Gustav Klimt: Hermine Gallia, 1903 / 1904 (National Gallery, London)

Die wohlhabende und kunstsinnige jüdische Wiener Familie Gallia wurde 2011 durch ein Buch in Erinnerung gerufen: das von Tim Bonyhady (* 1957), einem Nachkommen, veröffentlichte Werk Wohllebengasse. Die Geschichte meiner Wiener Familie.

Adolf Gallia

Carl Auer von Welsbach, Erfinder des Leuchtmittels Auer-Glühstrumpf und 1892 Gründer der Österreichischen Gasglühlicht- (später: und Elektrizitäts-)Actiengesellschaft, beschäftigte den Rechtsanwalt Adolf Gallia (1852–1925) mit Kanzlei und Wohnung in Wien 1., Dorotheergasse 6, damit, seine Erfindung in möglichst vielen Ländern der Welt patentrechtlich schützen zu lassen (1905 inserierte die Welsbach Light Company in Sydney, Australien). Er nahm den Anwalt auch in den Verwaltungsrat seiner AG auf. Die AG hatte ihren Sitz in Wien 4., Schleifmühlgasse 4, wo Auer schon zuvor geschäftlich tätig war.

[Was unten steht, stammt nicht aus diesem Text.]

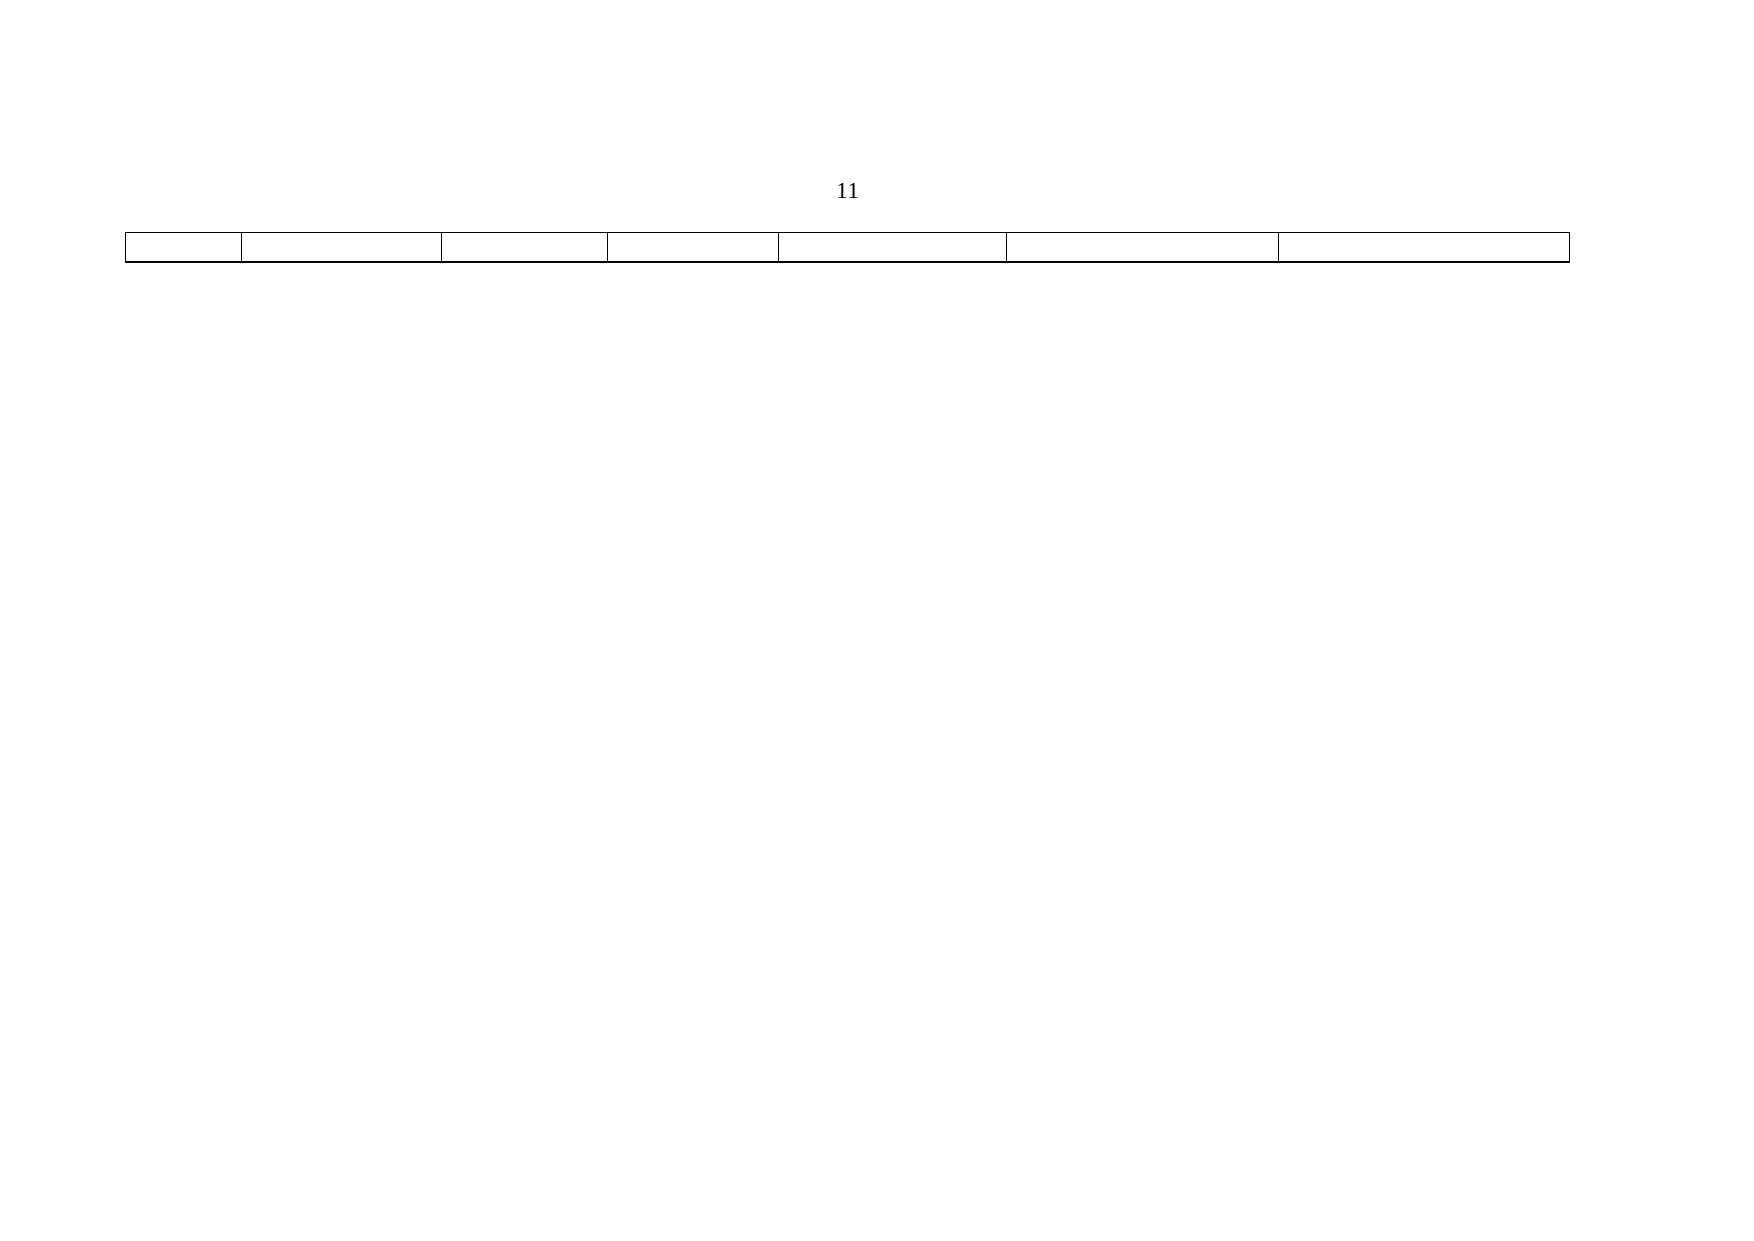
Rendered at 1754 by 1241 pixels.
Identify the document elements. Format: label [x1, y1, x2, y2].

table_cell [1007, 233, 1278, 261]
table_cell [126, 233, 241, 261]
table_cell [1279, 233, 1569, 261]
table_cell [608, 233, 778, 261]
table_cell [779, 233, 1006, 261]
table_cell [442, 233, 607, 261]
table_cell [242, 233, 441, 261]
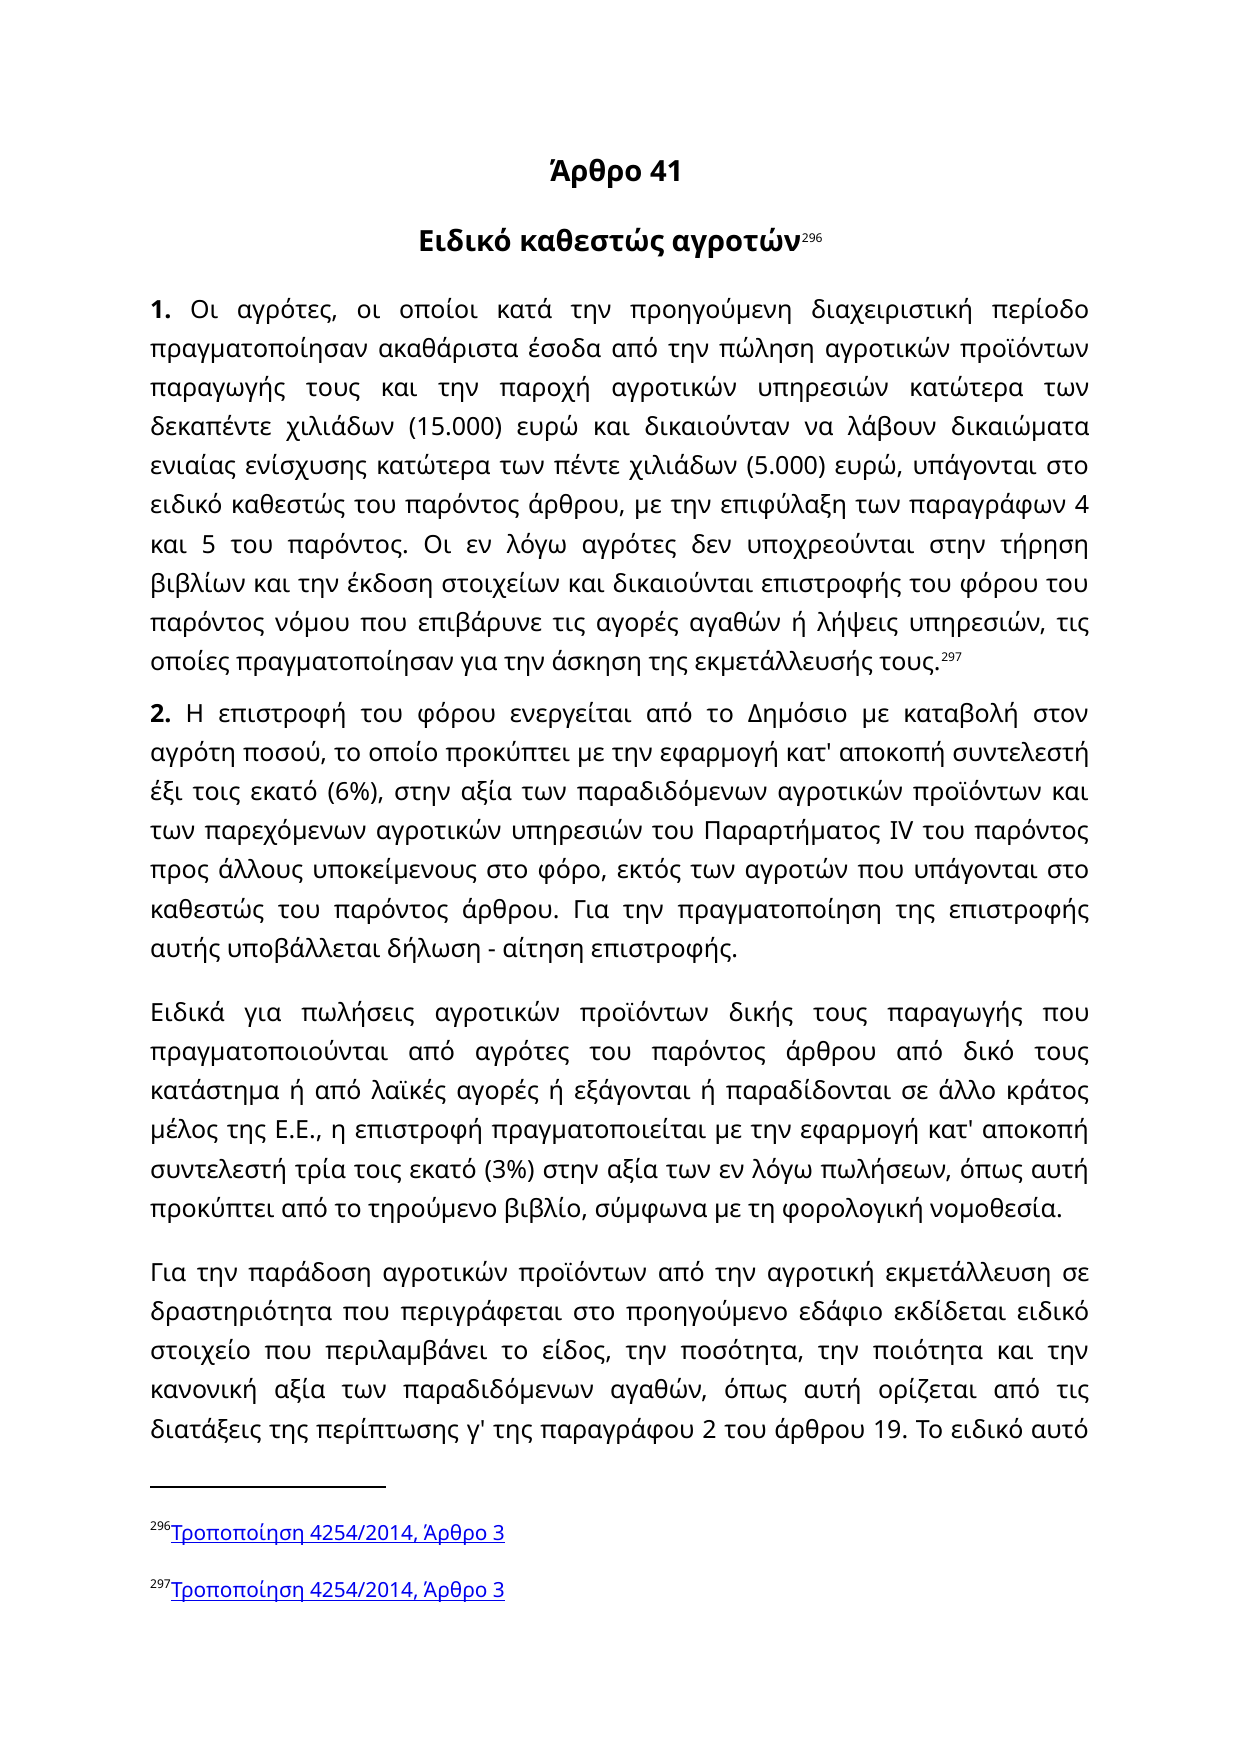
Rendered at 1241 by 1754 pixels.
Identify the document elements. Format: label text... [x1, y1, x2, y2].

subtitle Άρθρο 41 [150, 150, 1090, 190]
text Για την παράδοση αγροτικών προϊόντων από την αγροτική εκμετάλλευση σε δραστηριότητα που περιγράφεται στο προηγούμενο εδάφιο εκδίδεται ειδικό στοιχείο που περιλαμβάνει το είδος, την ποσότητα, την ποιότητα και την κανονική αξία των παραδιδόμενων αγαθών, όπως αυτή ορίζεται από τις διατάξεις της περίπτωσης γ' της παραγράφου 2 του άρθρου 19. Το ειδικό αυτό [150, 1254, 1090, 1445]
text Τροποποίηση 4254/2014, Άρθρο 3 [150, 1518, 1090, 1546]
text 1. Οι αγρότες, οι οποίοι κατά την προηγούμενη διαχειριστική περίοδο πραγματοποίησαν ακαθάριστα έσοδα από την πώληση αγροτικών προϊόντων παραγωγής τους και την παροχή αγροτικών υπηρεσιών κατώτερα των δεκαπέντε χιλιάδων (15.000) ευρώ και δικαιούνταν να λάβουν δικαιώματα ενιαίας ενίσχυσης κατώτερα των πέντε χιλιάδων (5.000) ευρώ, υπάγονται στο ειδικό καθεστώς του παρόντος άρθρου, με την επιφύλαξη των παραγράφων 4 και 5 του παρόντος. Οι εν λόγω αγρότες δεν υποχρεούνται στην τήρηση βιβλίων και την έκδοση στοιχείων και δικαιούνται επιστροφής του φόρου του παρόντος νόμου που επιβάρυνε τις αγορές αγαθών ή λήψεις υπηρεσιών, τις οποίες πραγματοποίησαν για την άσκηση της εκμετάλλευσής τους. [150, 291, 1090, 678]
text Τροποποίηση 4254/2014, Άρθρο 3 [150, 1576, 1090, 1604]
subtitle Ειδικό καθεστώς αγροτών [150, 221, 1090, 260]
text Ειδικά για πωλήσεις αγροτικών προϊόντων δικής τους παραγωγής που πραγματοποιούνται από αγρότες του παρόντος άρθρου από δικό τους κατάστημα ή από λαϊκές αγορές ή εξάγονται ή παραδίδονται σε άλλο κράτος μέλος της Ε.Ε., η επιστροφή πραγματοποιείται με την εφαρμογή κατ' αποκοπή συντελεστή τρία τοις εκατό (3%) στην αξία των εν λόγω πωλήσεων, όπως αυτή προκύπτει από το τηρούμενο βιβλίο, σύμφωνα με τη φορολογική νομοθεσία. [150, 994, 1090, 1224]
text 2. Η επιστροφή του φόρου ενεργείται από το Δημόσιο με καταβολή στον αγρότη ποσού, το οποίο προκύπτει με την εφαρμογή κατ' αποκοπή συντελεστή έξι τοις εκατό (6%), στην αξία των παραδιδόμενων αγροτικών προϊόντων και των παρεχόμενων αγροτικών υπηρεσιών του Παραρτήματος IV του παρόντος προς άλλους υποκείμενους στο φόρο, εκτός των αγροτών που υπάγονται στο καθεστώς του παρόντος άρθρου. Για την πραγματοποίηση της επιστροφής αυτής υποβάλλεται δήλωση - αίτηση επιστροφής. [150, 695, 1090, 964]

Adolf stammte wie sein Bruder Moritz Gallia (bis 1902 Schreibweise: Moriz) aus Bisenz bei Göding in Südmähren, also aus der nördlichen Umgebung Wiens, die durch die Kaiser Ferdinands-Nordbahn (die erste in Österreich errichtete Dampfeisenbahn) bestens erschlossen war.

Adolf Gallia war in Auers Diensten sehr erfolgreich. Er konnte sich 1903 von Jakob Gartner das Eckhaus 1., Stubenring 24 / Dr.-Karl-Lueger-Platz 6 (heute durch das Café Prückel bekannt) und ein zweites Haus in der Nähe bauen lassen. Er wohnte am Stubenring mit seiner Ehefrau Ida und verlegte auch seine Rechtsanwaltskanzlei dorthin. Er blieb in Auers Diensten, auch als sein Bruder aus Auers Firmen ausschied.

Moritz Gallia

Carl Auer von Welsbach beschäftigte auch den Bruder seines Rechtsanwaltes, Moritz Gallia (1858–1918, Schreibung vor der Rechtschreibreform 1902: Moriz), Kaufmann, vom Kaiser später ehrenhalber mit dem Titel Regierungsrat ausgezeichnet. Er rückte bald zu einem der beiden Direktoren von Auers Gasglühlicht-AG auf.[1]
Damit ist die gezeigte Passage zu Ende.